EL TERCER FAUSTO
De Salvador Novo (1934)
Acto I
Un estudio, la noche.
Alberto en bata y pantuflas, parece nervioso. Detrás de él, el diablo, en
actitud humilde. Alberto no lo ha visto. Fuma y mira la hora de su reloj
pulsera. Se vuelve y se sorprende al percibir al diablo. Con gesto nervioso se
levanta, da algunos pasos. Se adueña por fin de sí y le indica al diablo un
asiento.
ALBERTO: Tenga la
bondad de sentarse.
DIABLO: Muchas
gracias. No me siento nunca. Prefiero escucharle de pie. Supongo que será
cuestión de dinero. Para proporcionárselo no necesito tomar asiento ¿Cuánto
necesita?
ALBERTO: No. No es
dinero lo que necesito. Para procurármelo no habría acudido al extremo terrible
de invocarle a usted con todas las fuerzas de mi alma; de esta lama atormentada
que le ofrezco.
DIABLO: Entonces
no sé. Muy pocas cosas más está en mi mano disponer. Los siete pecados
capitales, ustedes se arreglan muy bien para cometerlos sin mi intervención.
ALBERTO: Pero
usted es omnipotente.

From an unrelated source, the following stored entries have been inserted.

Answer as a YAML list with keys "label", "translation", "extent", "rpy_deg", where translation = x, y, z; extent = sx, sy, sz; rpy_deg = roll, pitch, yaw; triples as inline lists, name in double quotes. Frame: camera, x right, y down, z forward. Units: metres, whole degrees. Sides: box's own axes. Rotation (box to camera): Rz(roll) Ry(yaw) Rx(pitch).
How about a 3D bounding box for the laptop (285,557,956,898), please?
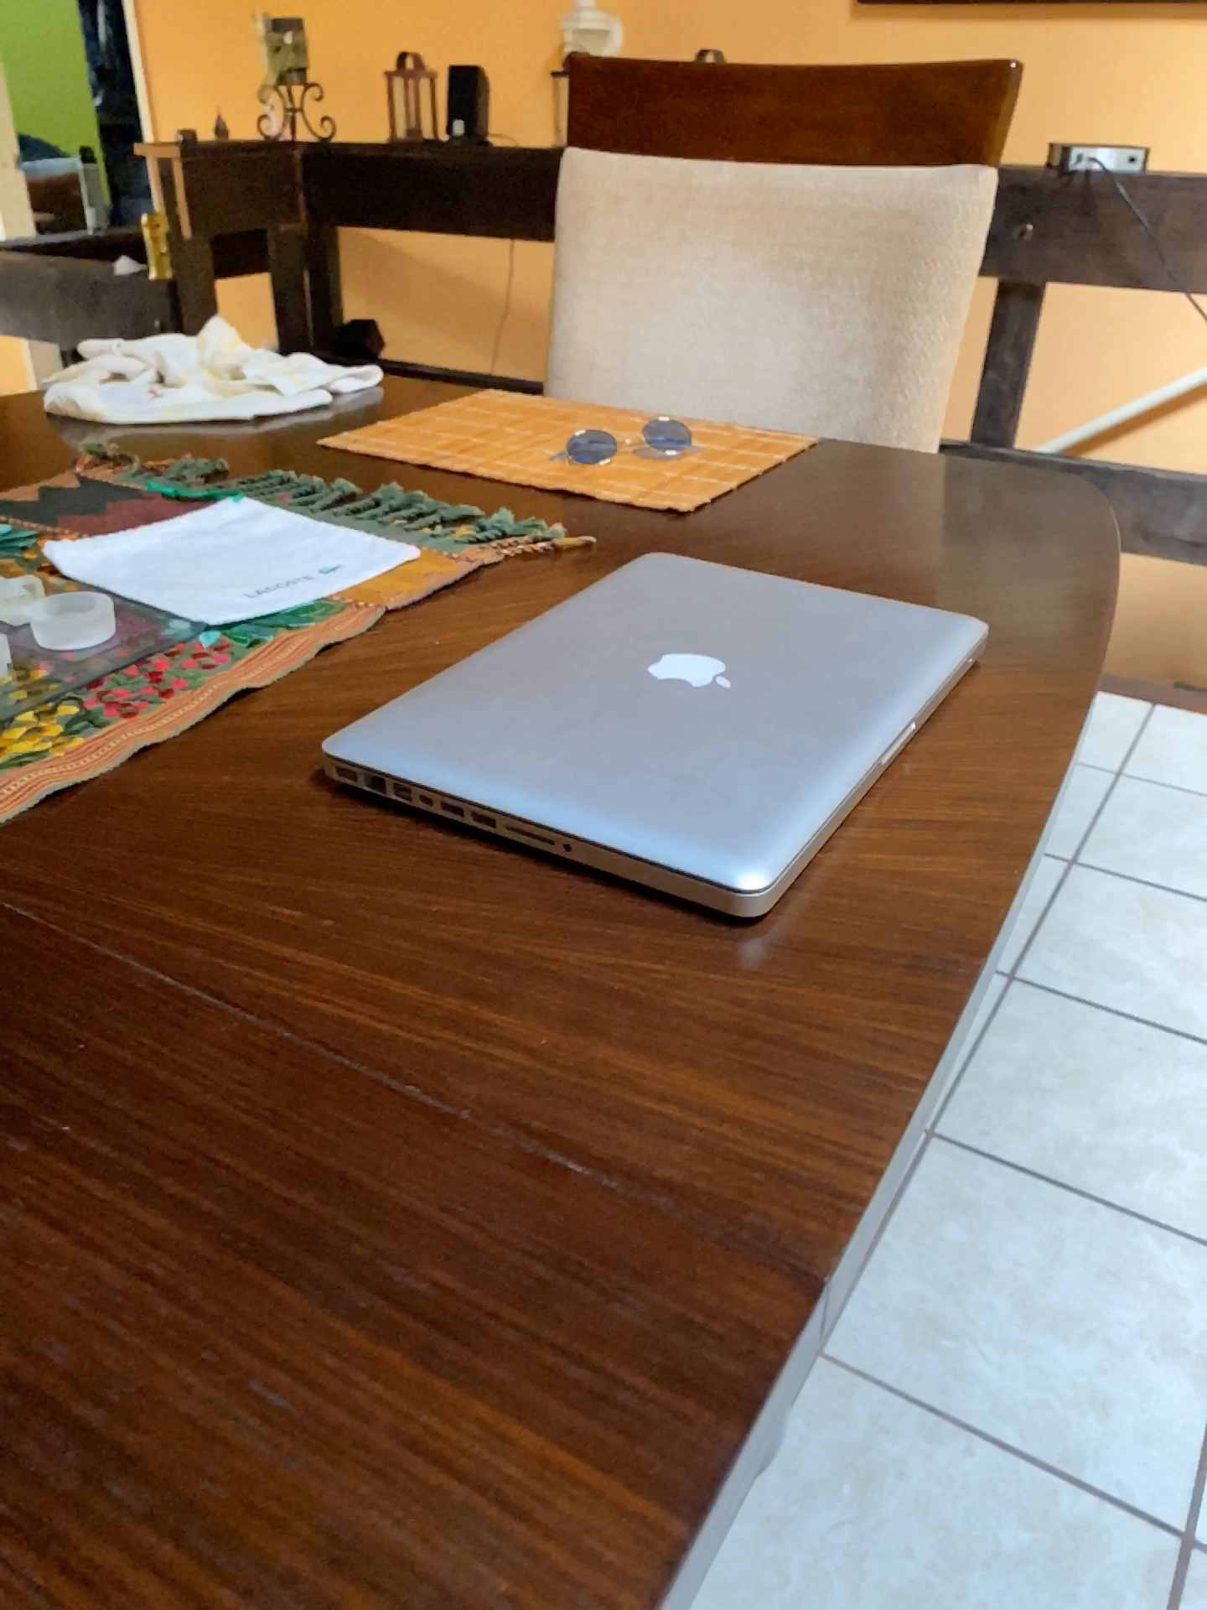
- label: "laptop"
  translation: [0.029, -0.065, 0.662]
  extent: [0.232, 0.002, 0.325]
  rpy_deg: [17, 34, 25]

La prueba es que ha entrado aquí sin anunciarse.
DIABLO: También Lo
es Dios, y hace muy pocas cosas, que yo sepa. Tan pocas, que yo me veo
precisado, a veces, a suplantarlo. Los hombres le rezan constantemente y le
piden esto, y aquello. Él tiene santos, especializados en determinados
milagros. Ustedes les piden a los santos que se encarguen de sus asuntos, y les
ofrecen pequeñas remuneraciones tarifadas. Y sus asuntos se arreglan. Pero no
son los santos quienes lo hacen. Por razón de su especialidad, los santos
tienen un sentido moral muy estrecho, y sus peticiones les ofenden. ¡Qué quiere
usted! ¡Ellos viven en una atmósfera tan distinta de la tierra! Y luego, no les
gusta este agradecimiento en especie que les testimonian los hombres. Lo que
los santos quieren es una nutrida inmigración en masa a su reino. ¿Y qué mejor
medio de obtenerla que el de frustrar precisamente los deseos más caros de los
hombres; de todos esos bienes que ellos les piden constantemente y que obtienen
a veces; no de los santos, sino de mi? Soy yo quien atiende las solicitudes que
los hombres formulan a los santos. Esto no lo saben, por supuesto, y no me
agradecen nunca. (Con tristeza) No
importa. Me queda la vaga esperanza de que estas condiciones injustas se
alteren, y de que un día, algún lejano día, se me canonice. (Pausa.) Pero veamos: ¿de qué se trata?
ALBERTO: Es un
poco largo, si usted quiere escuchar los antecedentes. (Nervioso.) ¿Si no sentáramos?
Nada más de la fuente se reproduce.